Ross pulled alongside the dingy and saw Rick half lying on the far side of the trap. “What on earth are you doing?”

“My arm is stuck under the trap,” he said.

Ross always kept his rifle handy. He immediately took aim at the crocodile.

“What are you doing?” Rick called to him in a panic.

“I'm not going to shoot you, if that's what you think,” Ross said, setting his sights on the crocodile.

“Don't shoot the croc,” Rick said.

“I'm a good shot. I won't miss,” Ross replied.

“I'm not worried about that. I just don't want the croc killed.”

“I can't free you with that croc trying to attack us both,” Ross explained.

“Don't shoot it, please,” Rick begged.

Ross assumed Rick didn't want any holes in the croc's skin, so he could sell it for a good profit. “It could overturn the dingy while I'm trying to help you, and if it escapes, we're both goners.”

“You'd be testy, too, if you'd been in a trap in the hot sun for a few days. I got caught like this trying to let it out.”

“Is that your trap?”

“Yes,” Rick said, groaning in pain.

“Why would you trap a croc, just to set it free?” Ross asked in disbelief.

“I relocate crocs, but I forgot I'd left this trap set... Just help me get my arm out of here and I'll explain,” Rick said. He was wet with perspiration and in agony.

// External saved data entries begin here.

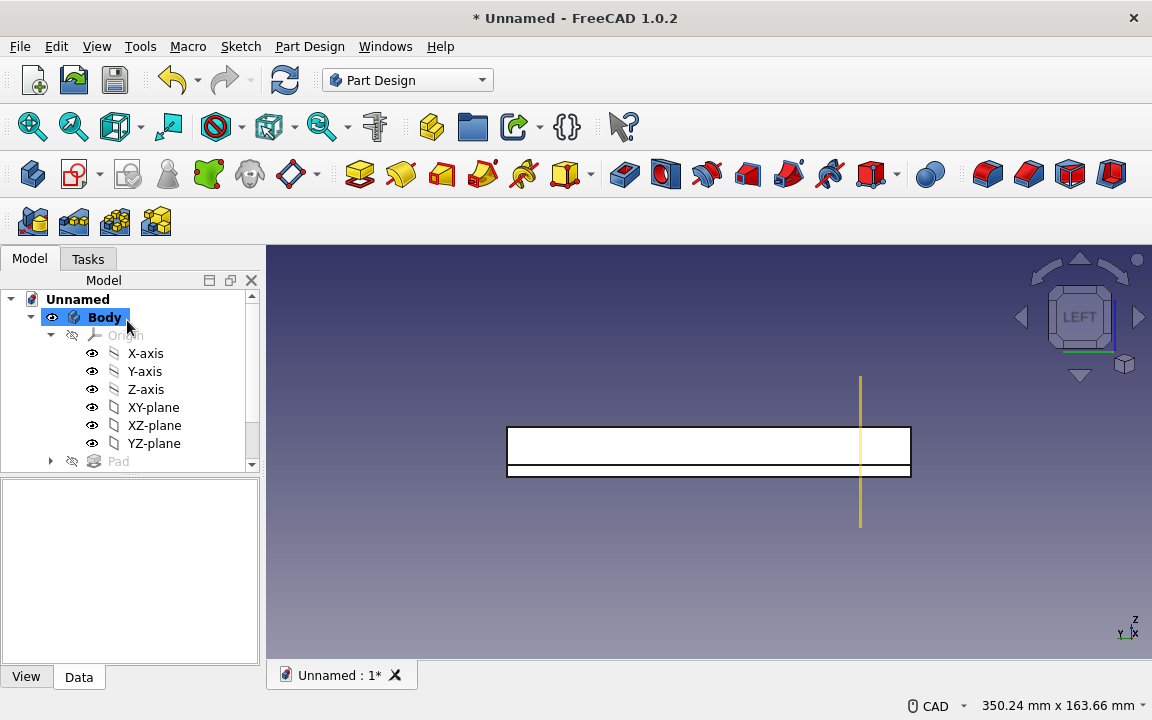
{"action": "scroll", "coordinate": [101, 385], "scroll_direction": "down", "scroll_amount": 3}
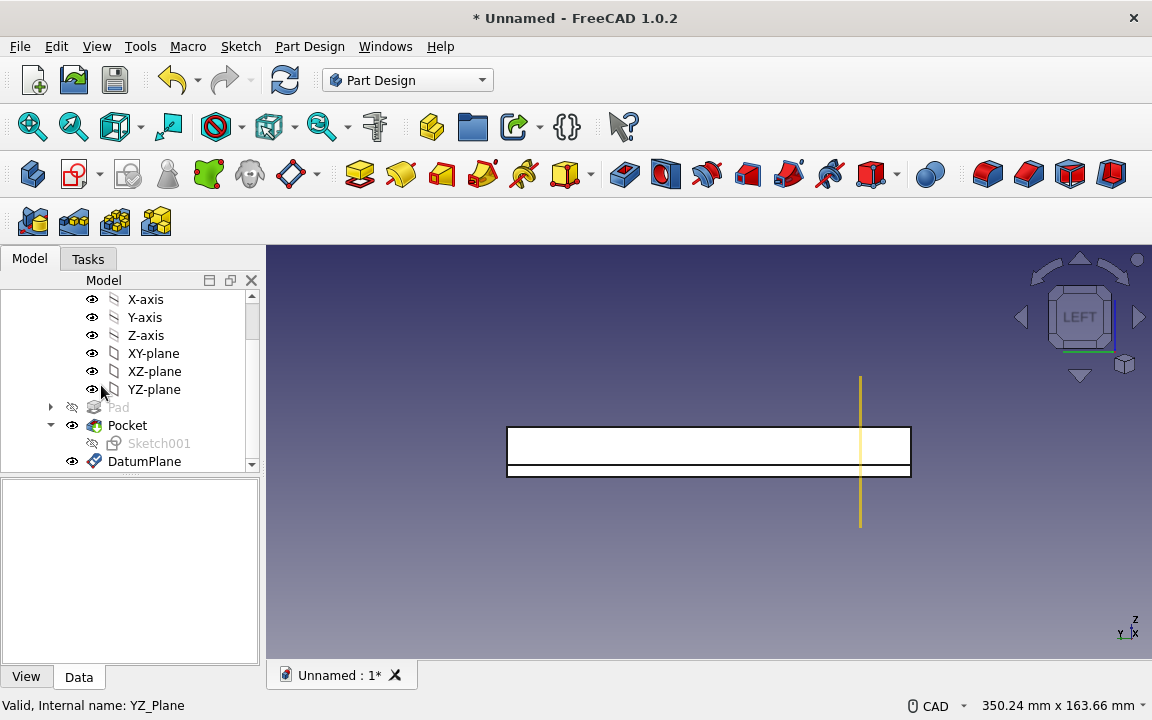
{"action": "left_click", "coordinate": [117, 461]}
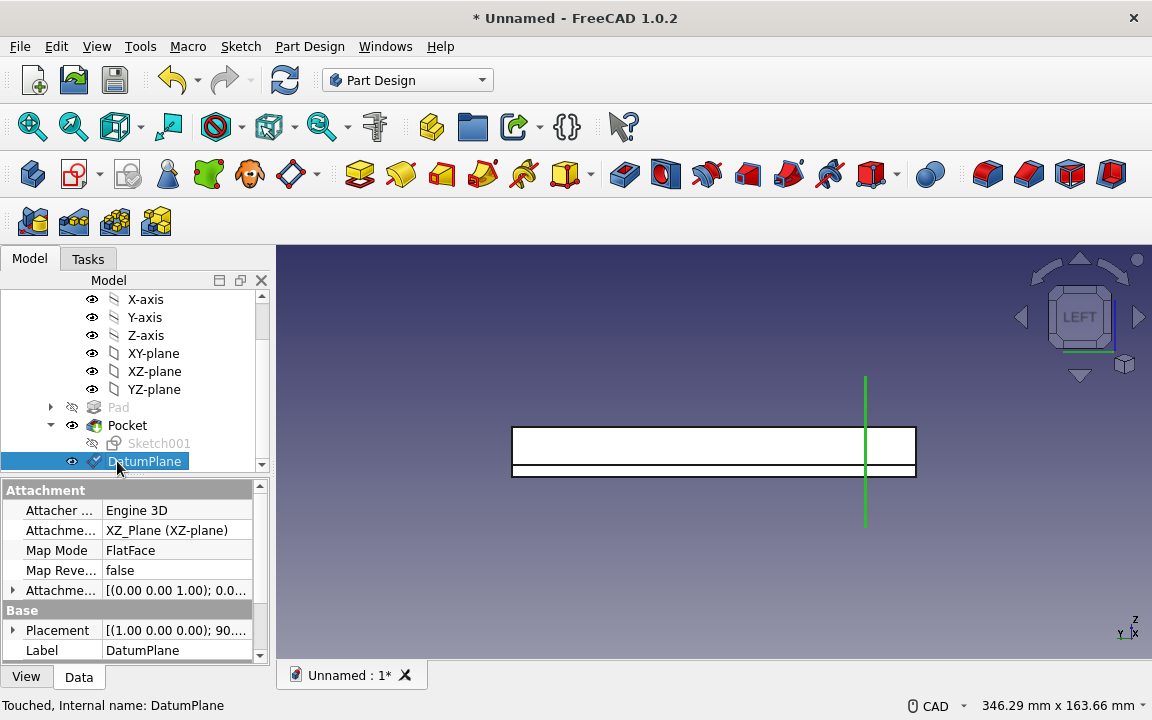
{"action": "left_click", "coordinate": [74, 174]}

Ross pulled his boat into the bank, and climbed out. He assessed the situation, trying to work out the best way to proceed. The dingy had been secured to the creek bank, but all the movement inside the cage, and out, had loosened the moorings. If he hadn't happened past when he did, it would've soon been adrift with Rick at the mercy of every crocodile in the billabong. So the first thing he did was secure the dingy again.

There was a chunk of decaying meat in the cage with the very angry crocodile. It was attracting flies by the millions and stunk badly. Rick was virtually eyeballed to eyeball with the trapped crocodile, with his head only inches from the meat. Clearly the crocodile was seeing him as an easy meal and far more tempting than the meat. The animal was frustrated because he couldn't get through the wire, and growling menacingly.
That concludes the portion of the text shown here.